### SOURCE DATA
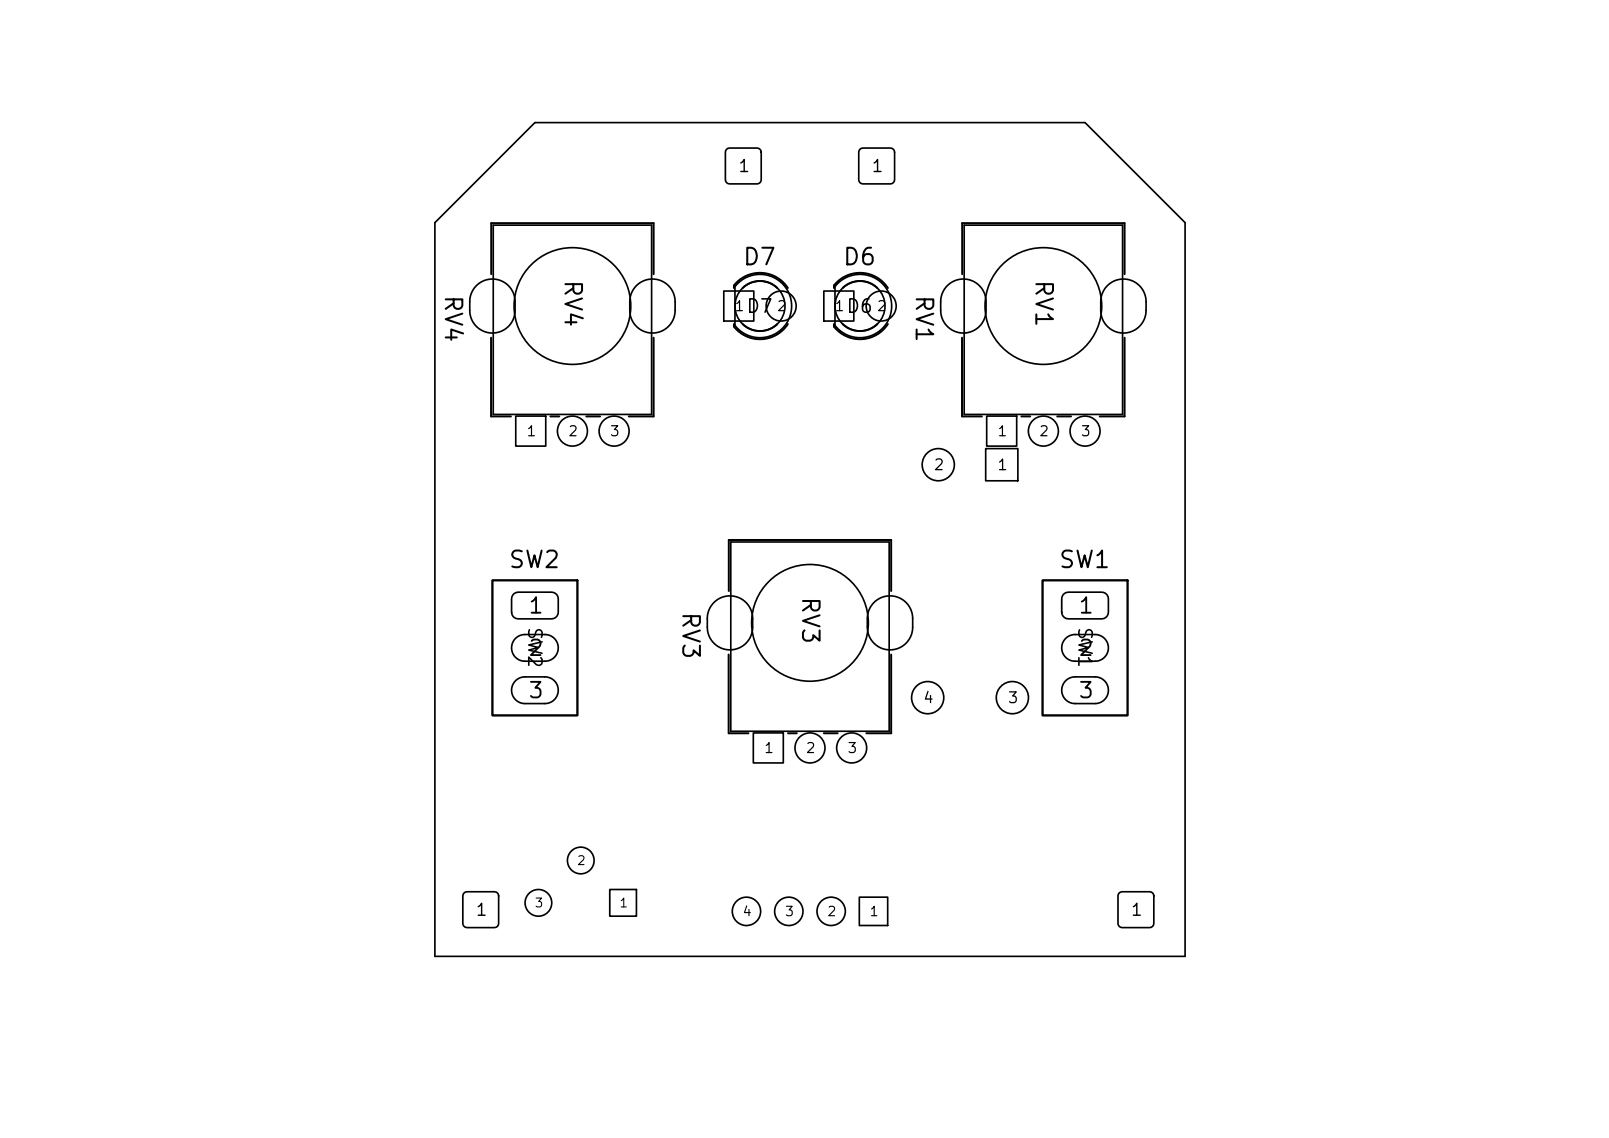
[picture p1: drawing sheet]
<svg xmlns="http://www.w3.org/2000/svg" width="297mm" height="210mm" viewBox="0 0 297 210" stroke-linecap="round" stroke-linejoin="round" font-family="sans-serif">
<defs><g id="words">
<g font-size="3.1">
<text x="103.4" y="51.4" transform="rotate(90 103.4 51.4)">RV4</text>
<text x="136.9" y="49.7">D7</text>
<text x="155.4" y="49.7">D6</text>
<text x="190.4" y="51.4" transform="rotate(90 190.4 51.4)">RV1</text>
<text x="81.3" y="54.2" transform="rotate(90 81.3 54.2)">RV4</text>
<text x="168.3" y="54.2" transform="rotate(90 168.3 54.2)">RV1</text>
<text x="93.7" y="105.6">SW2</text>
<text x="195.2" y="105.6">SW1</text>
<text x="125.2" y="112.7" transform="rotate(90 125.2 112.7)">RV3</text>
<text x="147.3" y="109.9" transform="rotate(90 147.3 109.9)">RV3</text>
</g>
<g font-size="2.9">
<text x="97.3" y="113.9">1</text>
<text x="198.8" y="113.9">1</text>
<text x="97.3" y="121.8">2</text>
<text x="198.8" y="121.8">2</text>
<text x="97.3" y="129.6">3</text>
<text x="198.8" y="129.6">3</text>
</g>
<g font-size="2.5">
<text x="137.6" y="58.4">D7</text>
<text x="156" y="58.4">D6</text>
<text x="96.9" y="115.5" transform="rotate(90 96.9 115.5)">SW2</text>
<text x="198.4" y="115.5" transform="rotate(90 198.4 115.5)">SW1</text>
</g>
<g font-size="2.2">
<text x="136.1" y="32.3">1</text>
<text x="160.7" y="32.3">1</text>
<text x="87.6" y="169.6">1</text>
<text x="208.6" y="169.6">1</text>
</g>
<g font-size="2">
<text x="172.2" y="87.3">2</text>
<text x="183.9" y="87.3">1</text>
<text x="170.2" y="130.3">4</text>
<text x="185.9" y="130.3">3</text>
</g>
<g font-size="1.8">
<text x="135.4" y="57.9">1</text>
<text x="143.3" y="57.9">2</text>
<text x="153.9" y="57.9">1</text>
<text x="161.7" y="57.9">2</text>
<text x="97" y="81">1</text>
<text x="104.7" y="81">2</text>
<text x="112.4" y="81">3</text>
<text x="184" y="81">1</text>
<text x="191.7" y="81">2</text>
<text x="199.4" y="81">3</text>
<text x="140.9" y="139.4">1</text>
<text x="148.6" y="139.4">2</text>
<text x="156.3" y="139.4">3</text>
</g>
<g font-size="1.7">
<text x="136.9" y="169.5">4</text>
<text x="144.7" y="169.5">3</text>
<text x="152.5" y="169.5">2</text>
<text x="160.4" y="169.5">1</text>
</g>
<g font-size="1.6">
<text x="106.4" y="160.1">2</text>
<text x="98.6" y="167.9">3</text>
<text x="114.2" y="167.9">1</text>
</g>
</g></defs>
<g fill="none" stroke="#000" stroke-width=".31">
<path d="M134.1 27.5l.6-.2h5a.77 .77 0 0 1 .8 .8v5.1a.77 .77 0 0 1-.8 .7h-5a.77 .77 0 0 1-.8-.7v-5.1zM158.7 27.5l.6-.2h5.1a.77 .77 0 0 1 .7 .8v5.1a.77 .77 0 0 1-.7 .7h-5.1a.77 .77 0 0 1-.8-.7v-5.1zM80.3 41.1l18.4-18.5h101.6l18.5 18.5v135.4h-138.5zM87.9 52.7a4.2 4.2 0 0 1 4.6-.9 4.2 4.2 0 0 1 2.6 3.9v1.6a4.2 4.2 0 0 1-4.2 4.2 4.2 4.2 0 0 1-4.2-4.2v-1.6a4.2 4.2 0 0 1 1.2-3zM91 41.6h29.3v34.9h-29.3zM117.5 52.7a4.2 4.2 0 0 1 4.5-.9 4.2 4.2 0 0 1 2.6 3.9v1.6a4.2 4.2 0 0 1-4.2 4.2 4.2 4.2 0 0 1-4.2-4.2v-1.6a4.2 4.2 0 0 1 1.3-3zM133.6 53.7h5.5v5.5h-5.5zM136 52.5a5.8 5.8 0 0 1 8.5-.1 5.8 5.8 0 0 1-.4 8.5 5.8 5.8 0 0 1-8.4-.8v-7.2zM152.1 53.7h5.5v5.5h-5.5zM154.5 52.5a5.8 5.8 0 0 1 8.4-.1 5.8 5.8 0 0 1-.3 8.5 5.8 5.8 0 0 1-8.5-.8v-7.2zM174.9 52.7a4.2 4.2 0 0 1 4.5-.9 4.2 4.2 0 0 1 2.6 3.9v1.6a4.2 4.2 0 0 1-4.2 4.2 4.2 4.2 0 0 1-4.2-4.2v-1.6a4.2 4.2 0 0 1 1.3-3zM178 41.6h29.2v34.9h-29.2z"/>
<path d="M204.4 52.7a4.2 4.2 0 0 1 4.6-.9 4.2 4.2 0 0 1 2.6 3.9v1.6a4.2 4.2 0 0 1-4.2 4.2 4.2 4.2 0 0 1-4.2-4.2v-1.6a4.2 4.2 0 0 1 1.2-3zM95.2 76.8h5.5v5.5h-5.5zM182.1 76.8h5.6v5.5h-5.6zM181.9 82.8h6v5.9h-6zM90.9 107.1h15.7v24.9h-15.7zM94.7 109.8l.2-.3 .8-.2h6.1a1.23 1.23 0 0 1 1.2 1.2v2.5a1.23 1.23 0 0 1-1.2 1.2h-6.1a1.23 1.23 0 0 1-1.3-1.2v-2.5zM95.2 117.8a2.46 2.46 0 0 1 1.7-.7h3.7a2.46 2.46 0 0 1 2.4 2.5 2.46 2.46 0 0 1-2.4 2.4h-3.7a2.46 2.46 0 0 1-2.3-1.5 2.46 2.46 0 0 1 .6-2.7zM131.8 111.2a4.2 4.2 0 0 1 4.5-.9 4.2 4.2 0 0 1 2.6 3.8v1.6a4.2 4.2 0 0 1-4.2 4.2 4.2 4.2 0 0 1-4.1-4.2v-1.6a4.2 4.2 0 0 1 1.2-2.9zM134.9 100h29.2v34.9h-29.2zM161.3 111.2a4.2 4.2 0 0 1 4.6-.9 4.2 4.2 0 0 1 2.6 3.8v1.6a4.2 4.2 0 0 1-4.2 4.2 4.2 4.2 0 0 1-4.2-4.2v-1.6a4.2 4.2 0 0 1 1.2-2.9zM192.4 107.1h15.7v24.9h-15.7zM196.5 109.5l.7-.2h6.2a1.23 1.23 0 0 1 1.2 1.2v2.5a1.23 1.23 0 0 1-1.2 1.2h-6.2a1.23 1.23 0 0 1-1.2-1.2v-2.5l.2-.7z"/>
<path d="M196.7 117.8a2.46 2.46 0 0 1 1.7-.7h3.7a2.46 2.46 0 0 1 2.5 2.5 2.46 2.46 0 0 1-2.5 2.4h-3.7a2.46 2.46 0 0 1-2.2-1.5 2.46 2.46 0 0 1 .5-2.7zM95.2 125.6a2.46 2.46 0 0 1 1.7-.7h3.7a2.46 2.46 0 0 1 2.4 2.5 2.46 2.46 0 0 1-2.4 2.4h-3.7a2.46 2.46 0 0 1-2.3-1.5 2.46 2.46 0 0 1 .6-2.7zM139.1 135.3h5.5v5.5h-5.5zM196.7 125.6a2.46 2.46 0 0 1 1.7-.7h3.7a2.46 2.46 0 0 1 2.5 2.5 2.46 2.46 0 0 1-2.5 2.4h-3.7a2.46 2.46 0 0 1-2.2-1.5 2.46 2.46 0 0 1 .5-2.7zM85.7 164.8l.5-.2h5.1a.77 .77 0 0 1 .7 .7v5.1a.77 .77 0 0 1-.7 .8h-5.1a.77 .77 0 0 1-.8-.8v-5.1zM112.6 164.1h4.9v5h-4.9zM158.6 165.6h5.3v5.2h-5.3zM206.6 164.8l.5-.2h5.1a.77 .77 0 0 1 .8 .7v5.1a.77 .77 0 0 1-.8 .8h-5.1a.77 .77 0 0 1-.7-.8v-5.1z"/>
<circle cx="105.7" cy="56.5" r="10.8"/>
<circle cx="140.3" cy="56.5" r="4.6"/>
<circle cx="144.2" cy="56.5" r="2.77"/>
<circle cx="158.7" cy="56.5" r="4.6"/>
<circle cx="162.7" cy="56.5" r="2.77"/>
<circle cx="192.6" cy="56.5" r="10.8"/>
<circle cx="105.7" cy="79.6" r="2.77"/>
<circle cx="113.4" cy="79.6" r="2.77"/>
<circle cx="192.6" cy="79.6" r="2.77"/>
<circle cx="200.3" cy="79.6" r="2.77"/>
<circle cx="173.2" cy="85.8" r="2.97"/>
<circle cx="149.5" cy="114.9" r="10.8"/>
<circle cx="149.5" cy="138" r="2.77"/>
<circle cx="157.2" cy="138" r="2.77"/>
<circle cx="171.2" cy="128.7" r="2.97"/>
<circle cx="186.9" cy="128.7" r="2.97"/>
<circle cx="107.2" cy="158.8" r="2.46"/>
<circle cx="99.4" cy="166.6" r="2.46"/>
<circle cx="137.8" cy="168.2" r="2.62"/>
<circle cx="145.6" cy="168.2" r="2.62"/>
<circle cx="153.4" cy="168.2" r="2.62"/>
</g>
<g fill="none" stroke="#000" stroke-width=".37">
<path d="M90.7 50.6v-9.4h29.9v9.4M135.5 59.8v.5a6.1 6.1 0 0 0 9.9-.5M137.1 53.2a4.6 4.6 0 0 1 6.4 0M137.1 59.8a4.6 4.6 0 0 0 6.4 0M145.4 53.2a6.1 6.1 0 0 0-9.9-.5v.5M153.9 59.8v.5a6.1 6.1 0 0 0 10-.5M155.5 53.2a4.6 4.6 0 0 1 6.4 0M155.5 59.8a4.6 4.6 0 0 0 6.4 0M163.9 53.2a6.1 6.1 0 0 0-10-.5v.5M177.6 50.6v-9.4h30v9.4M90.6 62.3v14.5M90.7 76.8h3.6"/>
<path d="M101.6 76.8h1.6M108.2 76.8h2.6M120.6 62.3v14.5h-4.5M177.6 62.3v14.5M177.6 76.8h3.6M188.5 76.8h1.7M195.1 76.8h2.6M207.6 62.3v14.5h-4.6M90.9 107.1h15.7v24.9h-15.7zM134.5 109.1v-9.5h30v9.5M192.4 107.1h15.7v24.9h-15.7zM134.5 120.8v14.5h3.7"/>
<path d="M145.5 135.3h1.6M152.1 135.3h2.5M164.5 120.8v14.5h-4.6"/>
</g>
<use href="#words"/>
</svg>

### WHAT TO PRODUCE
Using the records above, gather all lines where the string "fill" is present.

### RESULT OF THE TASK
<g fill="none" stroke="#000" stroke-width=".31">
<g fill="none" stroke="#000" stroke-width=".37">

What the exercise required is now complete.